Este movimento altera a dinâmica da disputa. O crescimento de Cury no primeiro turno tende a impactar diretamente a candidatura de Flávio Bolsonaro, uma vez que ambos disputam o eleitor que busca uma alternativa à polarização política atual. A dúvida que paira sobre o cenário eleitoral é para onde esse eleitorado migraria em um eventual segundo turno.

Para onde vai o voto do eleitor de Cury

Dados da AtlasIntel oferecem um raio-X das preferências dos apoiadores de Cury. Entre os entrevistados, 23% apontam Flávio Bolsonaro como segunda opção de voto, enquanto uma parcela idêntica, de 23%, afirma que prefere votar em branco ou nulo caso o candidato do Avante não esteja na disputa.

Os demais votos se distribuem entre outros nomes do cenário nacional: Lula aparece com 15%, seguido por Pablo Marçal (13%), Renan Santos (11%), Ronaldo Caiado (8%) e Romeu Zema (4%). A dispersão desses votos sugere que o eleitorado de Cury não é um bloco monolítico, mas sim um grupo heterogêneo.

O papel de fiel da balança em 2026

A análise dos números indica que, embora Flávio Bolsonaro seja a principal segunda opção para os eleitores de Cury, ele está longe de concentrar esse apoio. O fato de 51% dos eleitores de Cury se distribuírem entre Lula e outros cinco candidatos demonstra a fragilidade de qualquer tentativa de captura automática desses votos.

No entanto, em uma comparação direta de transferência de votos para o segundo turno, o estoque de Cury parece ligeiramente mais favorável a Flávio Bolsonaro do que a Lula.

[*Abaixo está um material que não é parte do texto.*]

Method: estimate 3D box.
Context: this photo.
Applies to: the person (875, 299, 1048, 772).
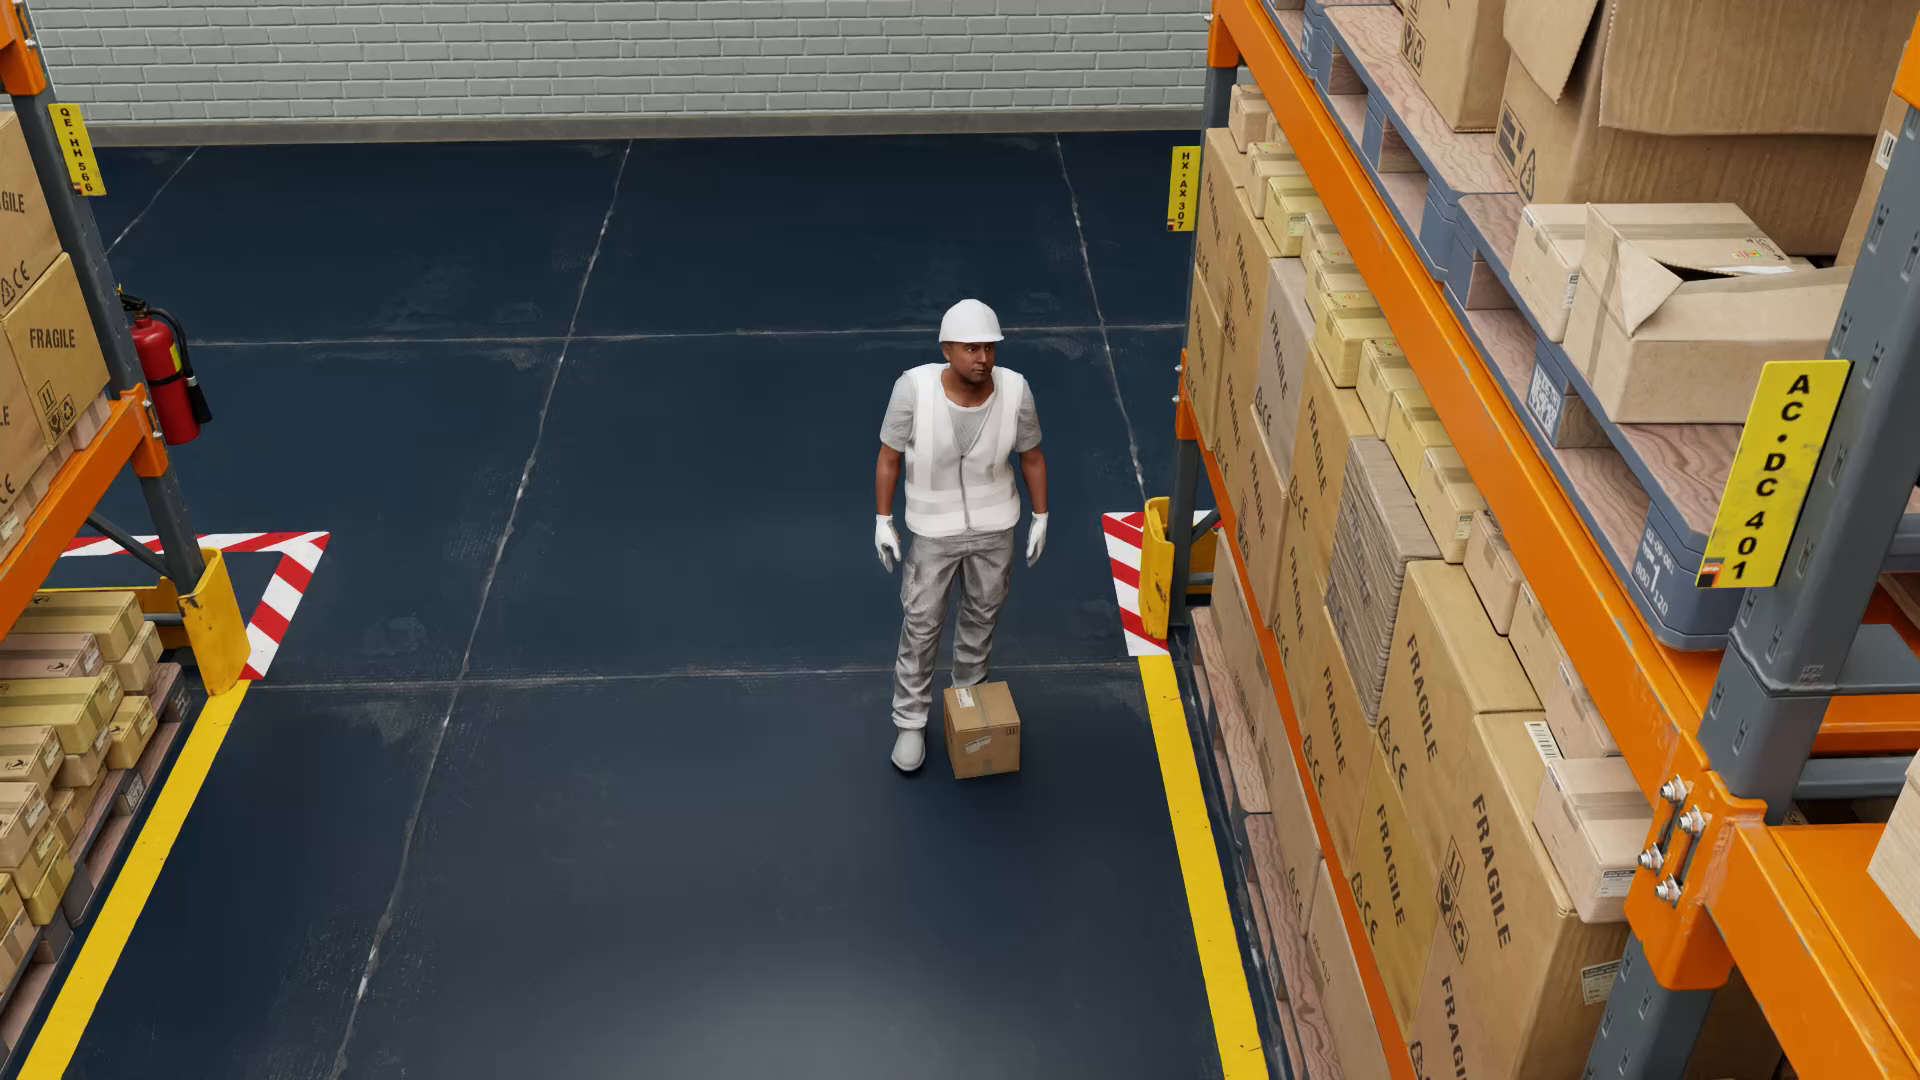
[{"bbox_3d":[0.017,-0.011,6.128,0.656,1.783,0.576,-6,35,-8],"label":"person"}]

Essa configuração coloca Augusto Cury em uma posição estratégica, capaz de atuar como um kingmaker: ele pode dificultar o desempenho de Flávio no primeiro turno e, simultaneamente, deter um eleitorado que, em uma segunda rodada, tende a migrar com maior frequência para o campo do senador.

Perguntas frequentes

Qual o desempenho de Augusto Cury nas pesquisas recentes?

Cury atingiu 11% na pesquisa BTG/Nexus e 7,8% no levantamento da AtlasIntel/Bloomberg, consolidando-se como um nome relevante na disputa.

Quem é a segunda opção de voto dos eleitores de Cury?

Segundo a AtlasIntel, 23% dos seus apoiadores preferem Flávio Bolsonaro como segunda opção, enquanto 23% optariam por votar em branco ou nulo.

Como o crescimento de Cury afeta a polarização?

O avanço de Cury tende a prejudicar Flávio Bolsonaro no primeiro turno por disputar o mesmo perfil de eleitor, embora o destino desses votos no segundo turno seja incerto e disperso.